The change in product life-cycle has created a material change to customer buying habits. Traditionally customers’ will visit a fashion store a few times a year to see what a new season brings. There is no real pressure to buy in any particular visit, as they know they can return to buy the same garment later. Zara, however, with it’s dramatically shortened product cycles, drives different behavior. Customer visit more often, as they can expect to see a new range each visit. They are also more likely too buy, as they know that there is little chance of the same garment being available the next time. This approach has made Zara the most profitable arm of Inditex, a holding company of eight retail brands, and one of the biggest success stories in Spanish business.

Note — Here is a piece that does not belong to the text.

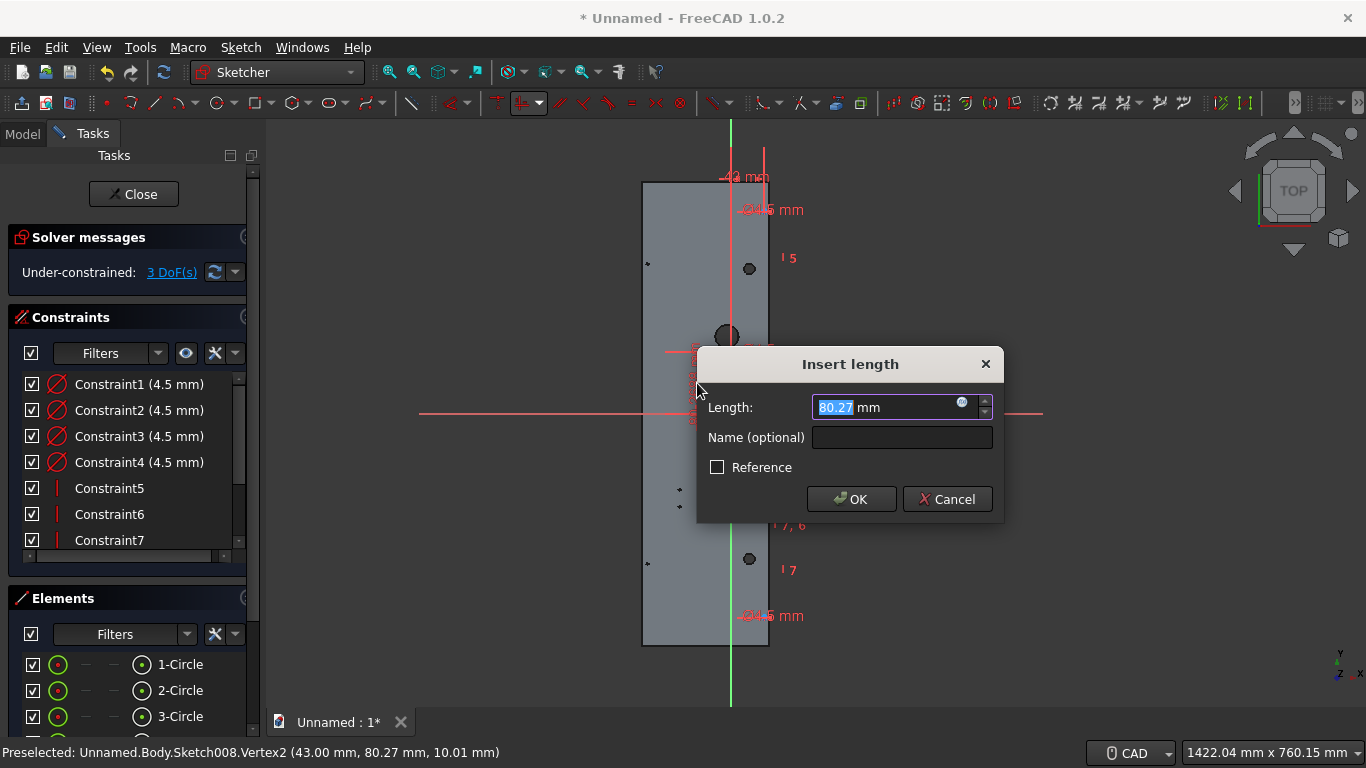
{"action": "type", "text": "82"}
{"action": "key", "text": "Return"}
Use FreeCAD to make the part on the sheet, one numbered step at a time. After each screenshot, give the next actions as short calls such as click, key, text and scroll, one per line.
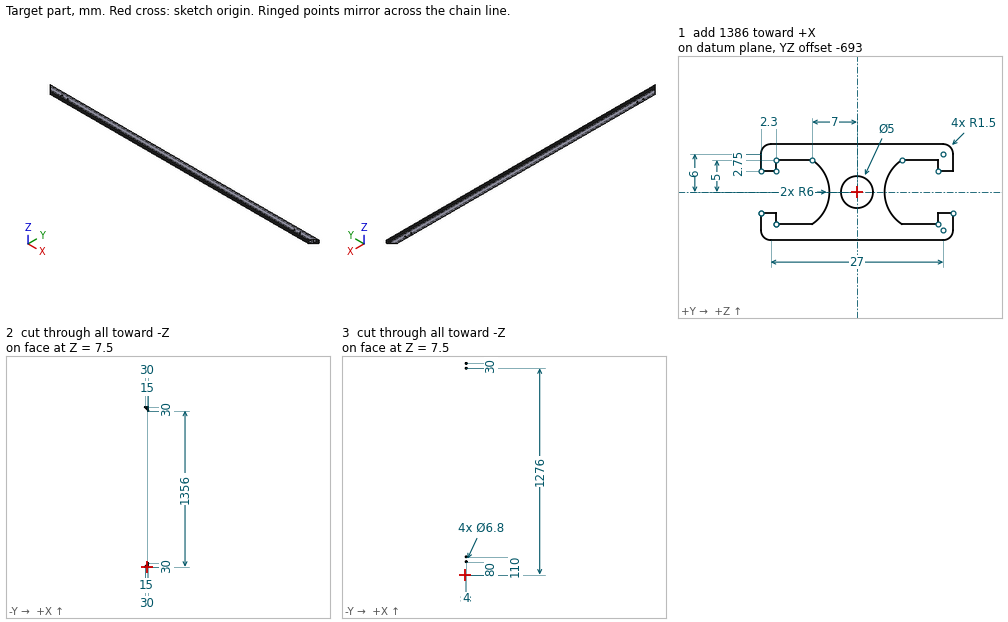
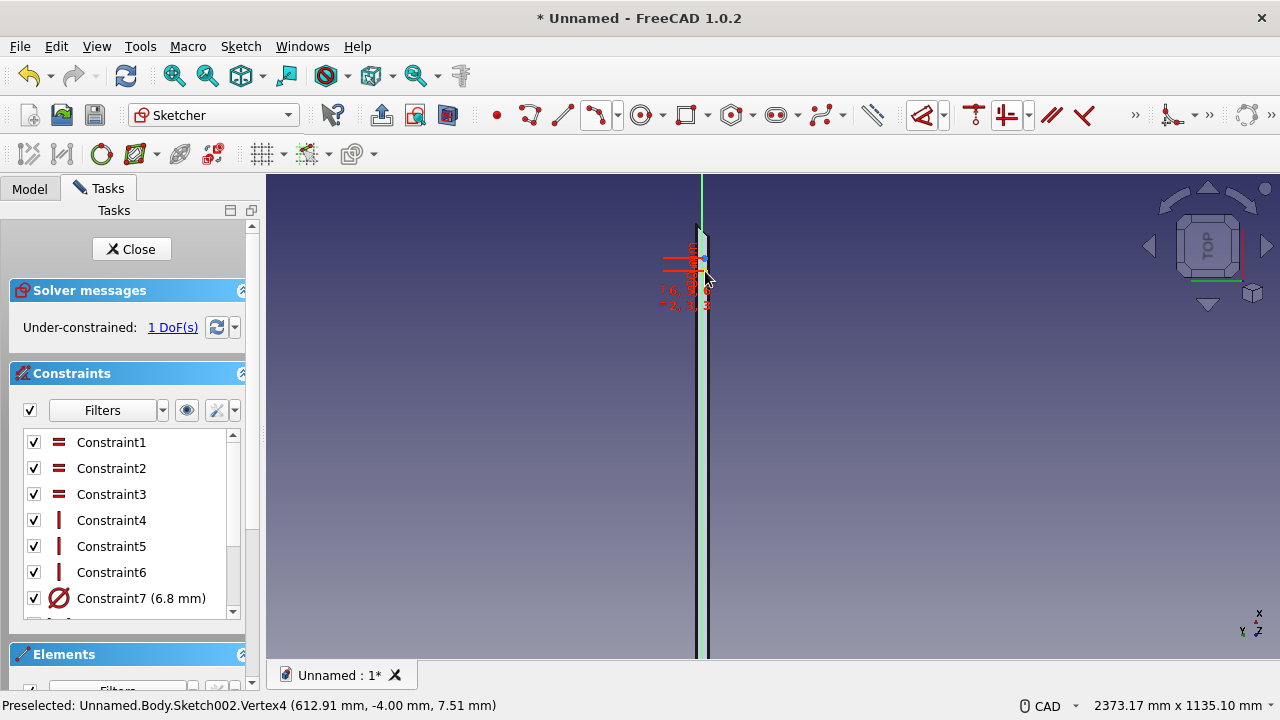
click(704, 271)

The dirty secret of high velocity, lean businesses is that they are fragile: small disturbances can create massive knock-on effects. As we’ve ripped fat from the value chain, we’ve also weakened its ability to react to, and resolve, disruptions. A stockout can now flow all the way back along the supply chain to the literal coal face, stalling the entire business value-chain. Restoring an essential service is delayed while we scramble to procure the vital missing part. Mortgage approvals are deferred while we try reallocate the work load of a valuer dealing with a personal emergency. Or our carefully synchronized product launch falls apart for what seems like a trivial reason somewhere on the other side of the globe.

Our most powerful tools in creating todays high velocity businesses—tools like straight-through processing, LEAN and Six Sigma—worked by removing variation from business processes to increase throughput. The same tools prevent us from effectively responding to these disruptions.

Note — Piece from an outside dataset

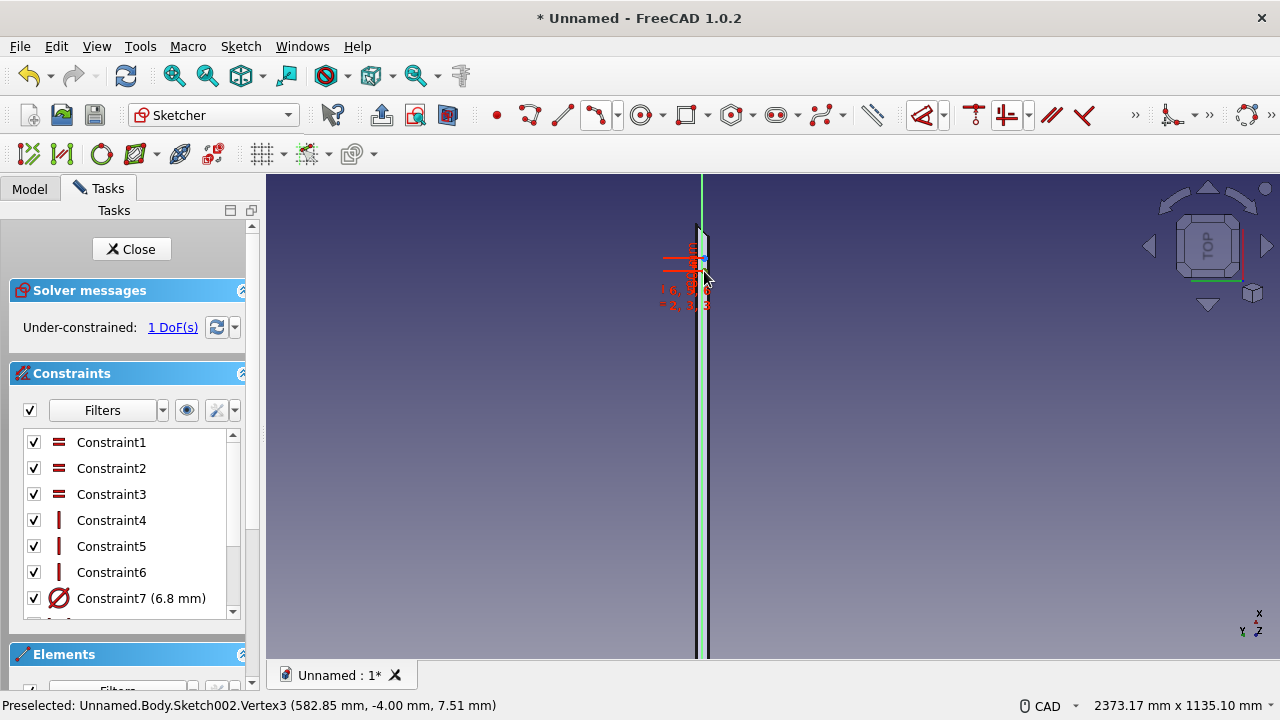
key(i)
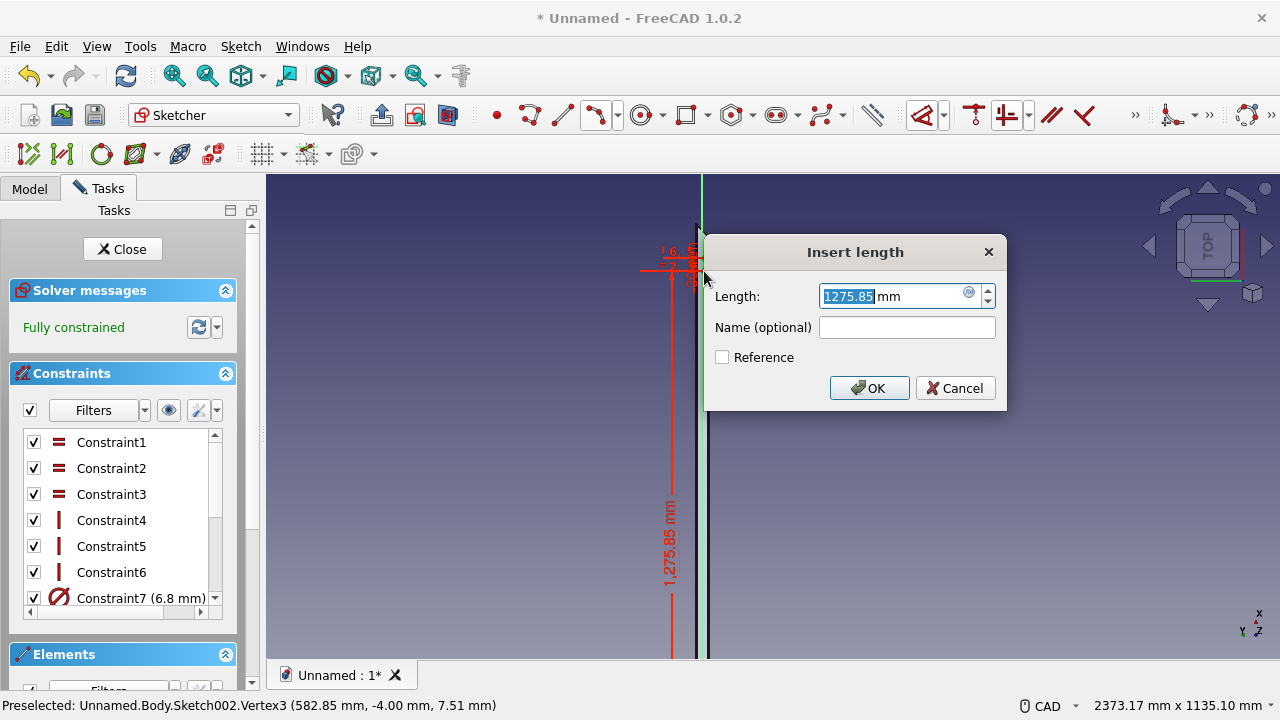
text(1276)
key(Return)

Opportunities today are more frequent, but disruptive and fleeting. An open air festival in the country might represent an opportunity for a tolling operator to manage parking in an adjacent field, if the solution can be deployed as sufficient scale rapidly enough. Or the current trend for pop-up retail stores (if new products rapidly come and go, then why not stores) could be moved from an exceptional, special occasion marketing tool, into the mainstream as a means to optimize sales day-by-day. Responding to these opportunities implies reconfiguring our business on the fly—rapidly integrating business exceptions into the core of our business. This might range from reconfiguring our carefully designed global supply chain, through changing core mortgage approval criteria and processes to modifying category management strategies in (near) real time.

Sam: Waiting while his bank sorts itself out
Sam: Waiting while his bank sorts itself out

We’re entering a time when our ability to change direction, adapting to and leveraging changes in the commercial environment as they occur, will drive our success. If we can react faster than the competition then we can capitalize on a business opportunity and harvest any value the opportunity creates. Our focus will become acceleration: working too build businesses with the flexibility and spare energy required to turn and respond rapidly. These businesses will be the F1 cars of business, providing a massive step in performance over more conventional organizations. And, just like F1, they will also require a new level of performance from our knowledge workers. If acceleration is our focus, then our biggest challenge will be creating time and space required by our knowledge workers to identify these opportunities, turn the steering wheel and leverage them as they occur.

Update: A friend of mine just pointed out that the logical progression of mass → velocity → acceleration naturally leads to jerk, which is an informal unit of measurement for the third derivative.